WORK INSTRUCTIONS:
Retype the records below exactly as they appear, but leave out any pictures.

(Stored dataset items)
((

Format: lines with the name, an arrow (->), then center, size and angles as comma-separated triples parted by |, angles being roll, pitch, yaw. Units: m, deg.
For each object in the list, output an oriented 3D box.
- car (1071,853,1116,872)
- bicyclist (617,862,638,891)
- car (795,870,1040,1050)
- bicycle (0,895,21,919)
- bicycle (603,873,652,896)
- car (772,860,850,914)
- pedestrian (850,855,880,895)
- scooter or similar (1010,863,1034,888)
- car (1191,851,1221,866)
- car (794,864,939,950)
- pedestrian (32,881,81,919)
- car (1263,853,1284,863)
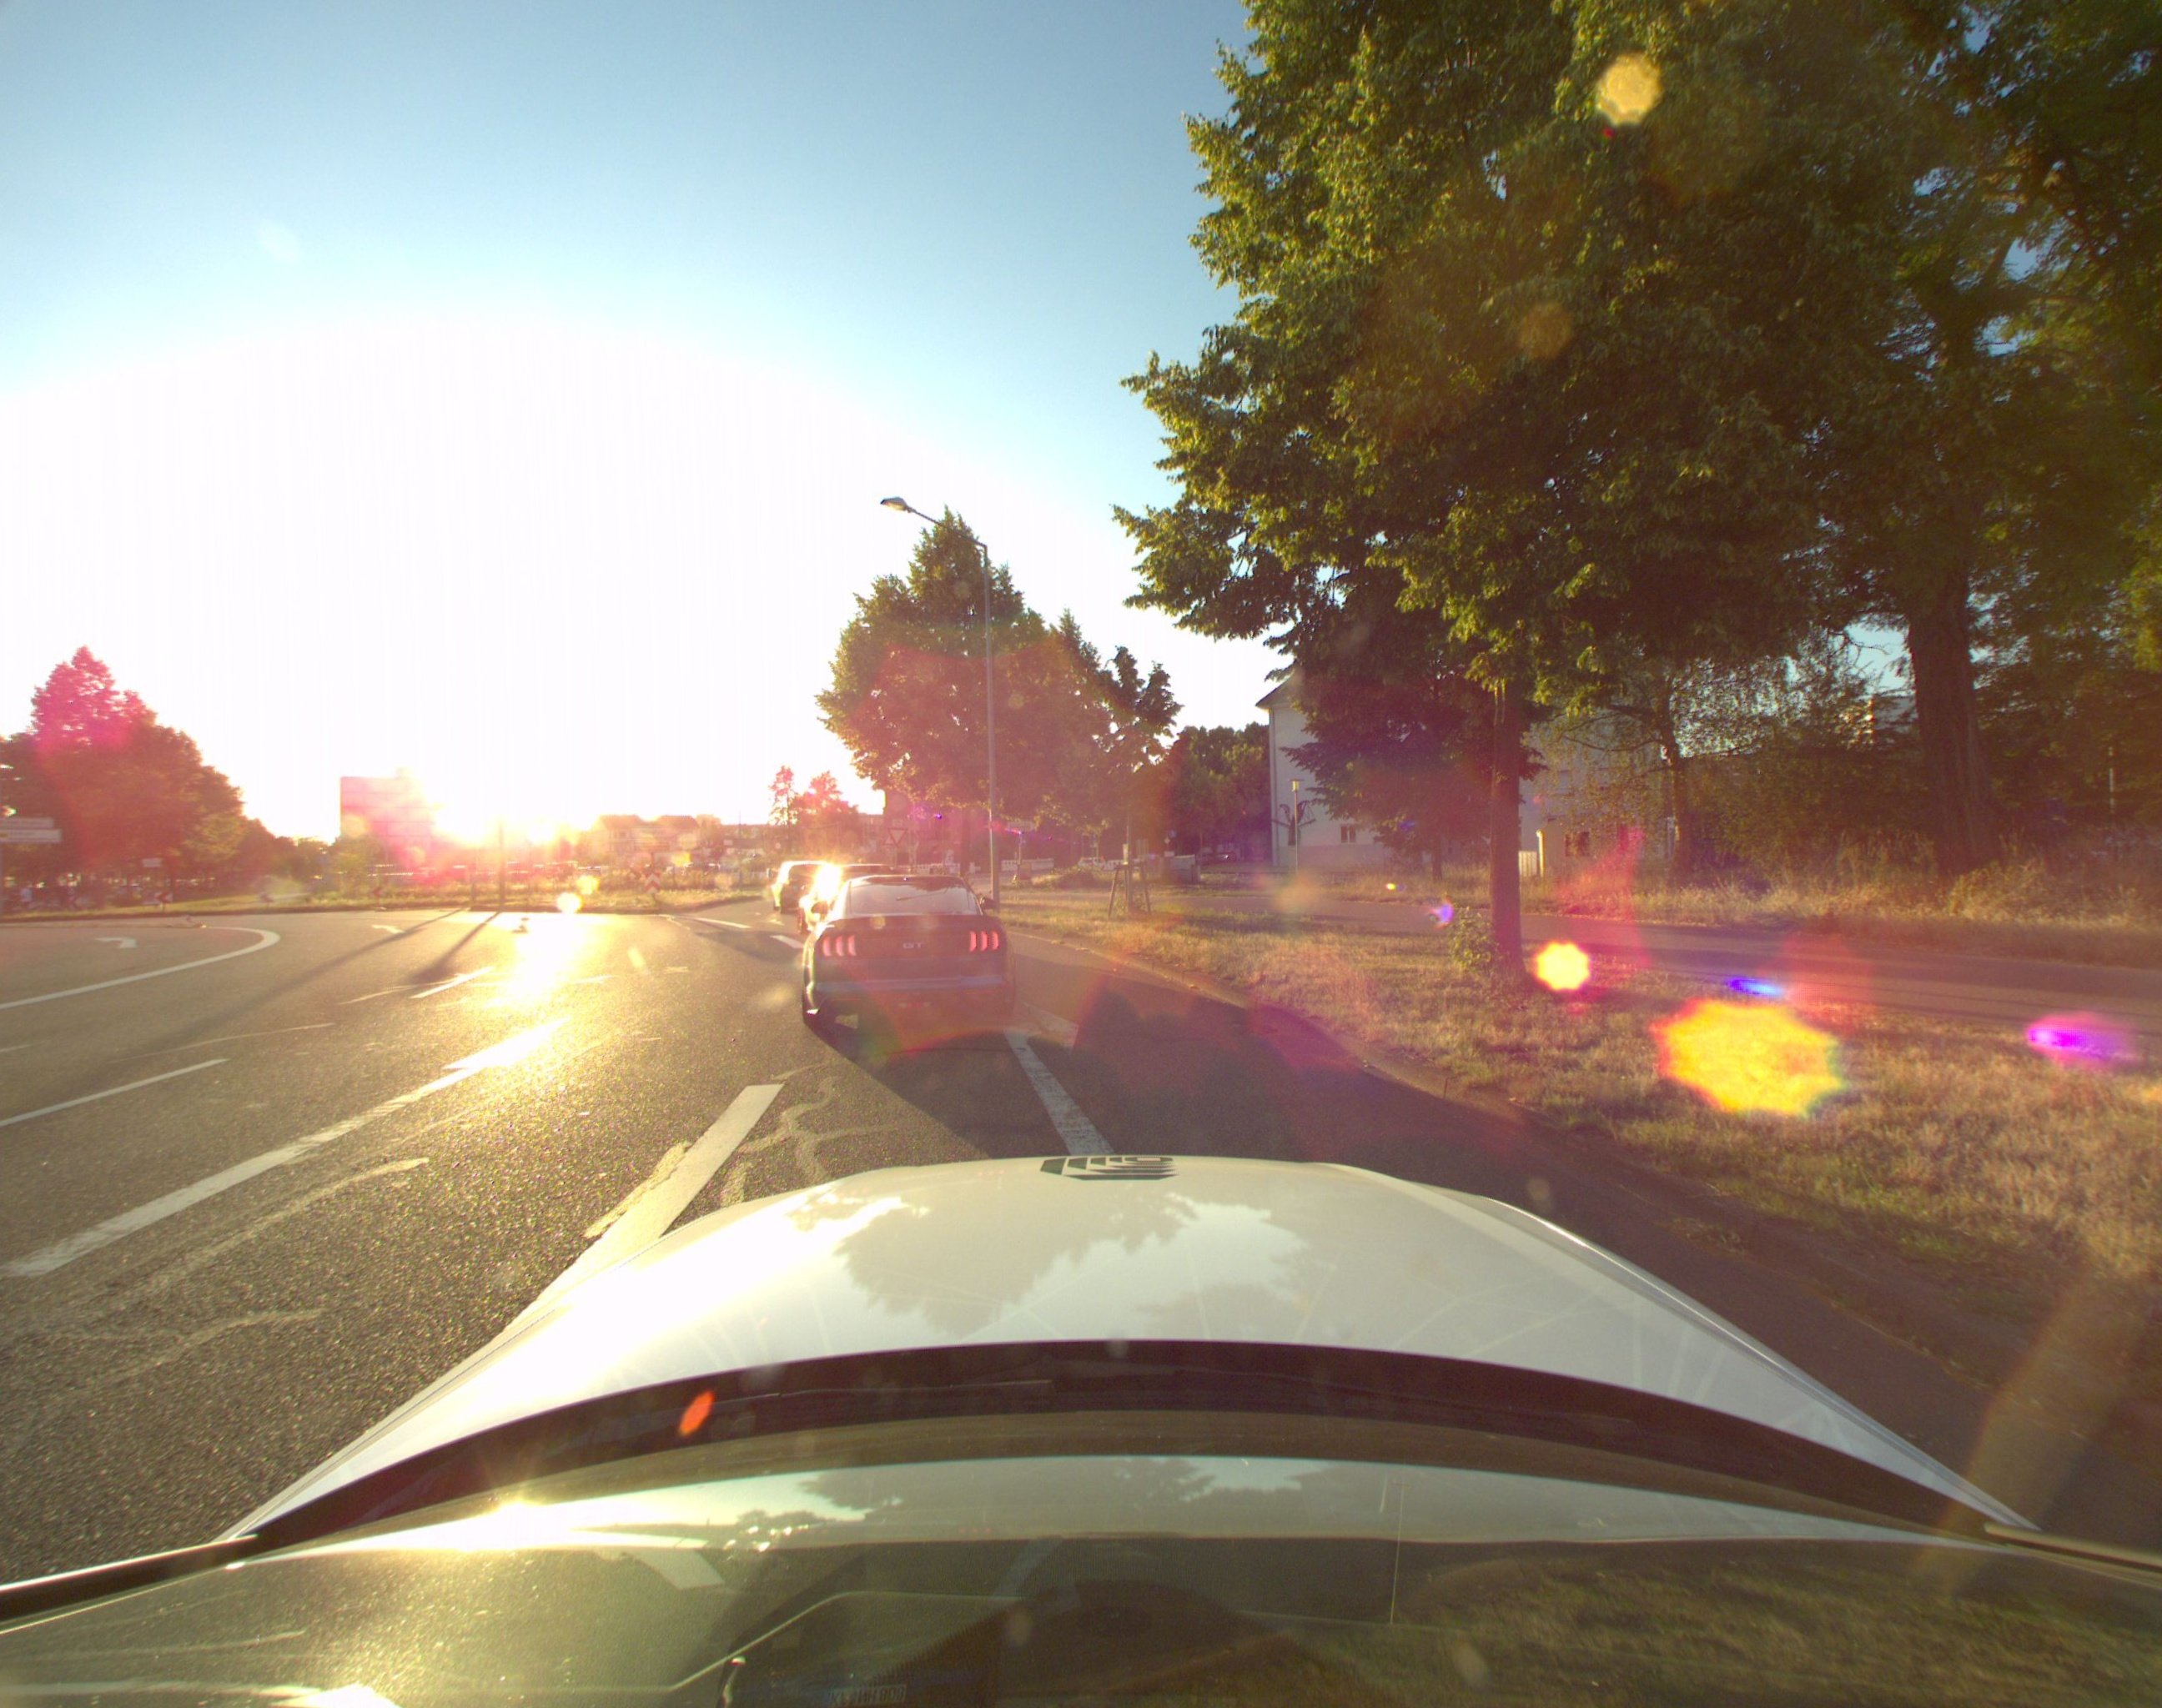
car -> 1.051, 0.683, 66.472 | 1.858, 1.401, 3.941 | -2, 0, 30
bicyclist -> -25.854, 1.266, 46.418 | 0.981, 1.612, 0.747 | -1, -1, -31
car -> -1.969, 0.878, 8.872 | 1.956, 1.342, 4.643 | -1, -1, -17
bicycle -> -54.492, 2.661, 40.284 | 2.414, 1.167, 0.748 | -1, -1, -26
bicycle -> -25.862, 1.730, 46.427 | 2.417, 1.167, 0.747 | -1, -1, -31
car -> -8.768, 1.022, 26.229 | 1.960, 1.602, 4.044 | 1, -2, -24
pedestrian -> -9.364, 0.892, 35.303 | 0.876, 1.686, 0.851 | -2, 0, 28
scooter or similar -> -2.982, 1.076, 41.172 | 1.125, 1.238, 0.439 | -1, 0, -24
car -> 13.686, 0.440, 89.025 | 1.933, 1.602, 4.102 | -1, 0, 29
car -> -4.347, 0.938, 15.995 | 1.961, 1.427, 4.392 | 1, -2, -26
pedestrian -> -52.147, 2.335, 41.467 | 1.162, 1.827, 0.973 | -1, -1, -21
car -> 27.042, 0.539, 114.182 | 1.858, 1.401, 3.941 | -2, 0, 30

))

RESULT OF THIS TASK:
Format: lines with the name, an arrow (->), then center, size and angles as comma-separated triples parted by |, angles being roll, pitch, yaw. Units: m, deg.
For each object in the list, output an oriented 3D box.
- car (1071,853,1116,872)
- bicyclist (617,862,638,891)
- car (795,870,1040,1050)
- bicycle (0,895,21,919)
- bicycle (603,873,652,896)
- car (772,860,850,914)
- pedestrian (850,855,880,895)
- scooter or similar (1010,863,1034,888)
- car (1191,851,1221,866)
- car (794,864,939,950)
- pedestrian (32,881,81,919)
- car (1263,853,1284,863)
car -> 1.051, 0.683, 66.472 | 1.858, 1.401, 3.941 | -2, 0, 30
bicyclist -> -25.854, 1.266, 46.418 | 0.981, 1.612, 0.747 | -1, -1, -31
car -> -1.969, 0.878, 8.872 | 1.956, 1.342, 4.643 | -1, -1, -17
bicycle -> -54.492, 2.661, 40.284 | 2.414, 1.167, 0.748 | -1, -1, -26
bicycle -> -25.862, 1.730, 46.427 | 2.417, 1.167, 0.747 | -1, -1, -31
car -> -8.768, 1.022, 26.229 | 1.960, 1.602, 4.044 | 1, -2, -24
pedestrian -> -9.364, 0.892, 35.303 | 0.876, 1.686, 0.851 | -2, 0, 28
scooter or similar -> -2.982, 1.076, 41.172 | 1.125, 1.238, 0.439 | -1, 0, -24
car -> 13.686, 0.440, 89.025 | 1.933, 1.602, 4.102 | -1, 0, 29
car -> -4.347, 0.938, 15.995 | 1.961, 1.427, 4.392 | 1, -2, -26
pedestrian -> -52.147, 2.335, 41.467 | 1.162, 1.827, 0.973 | -1, -1, -21
car -> 27.042, 0.539, 114.182 | 1.858, 1.401, 3.941 | -2, 0, 30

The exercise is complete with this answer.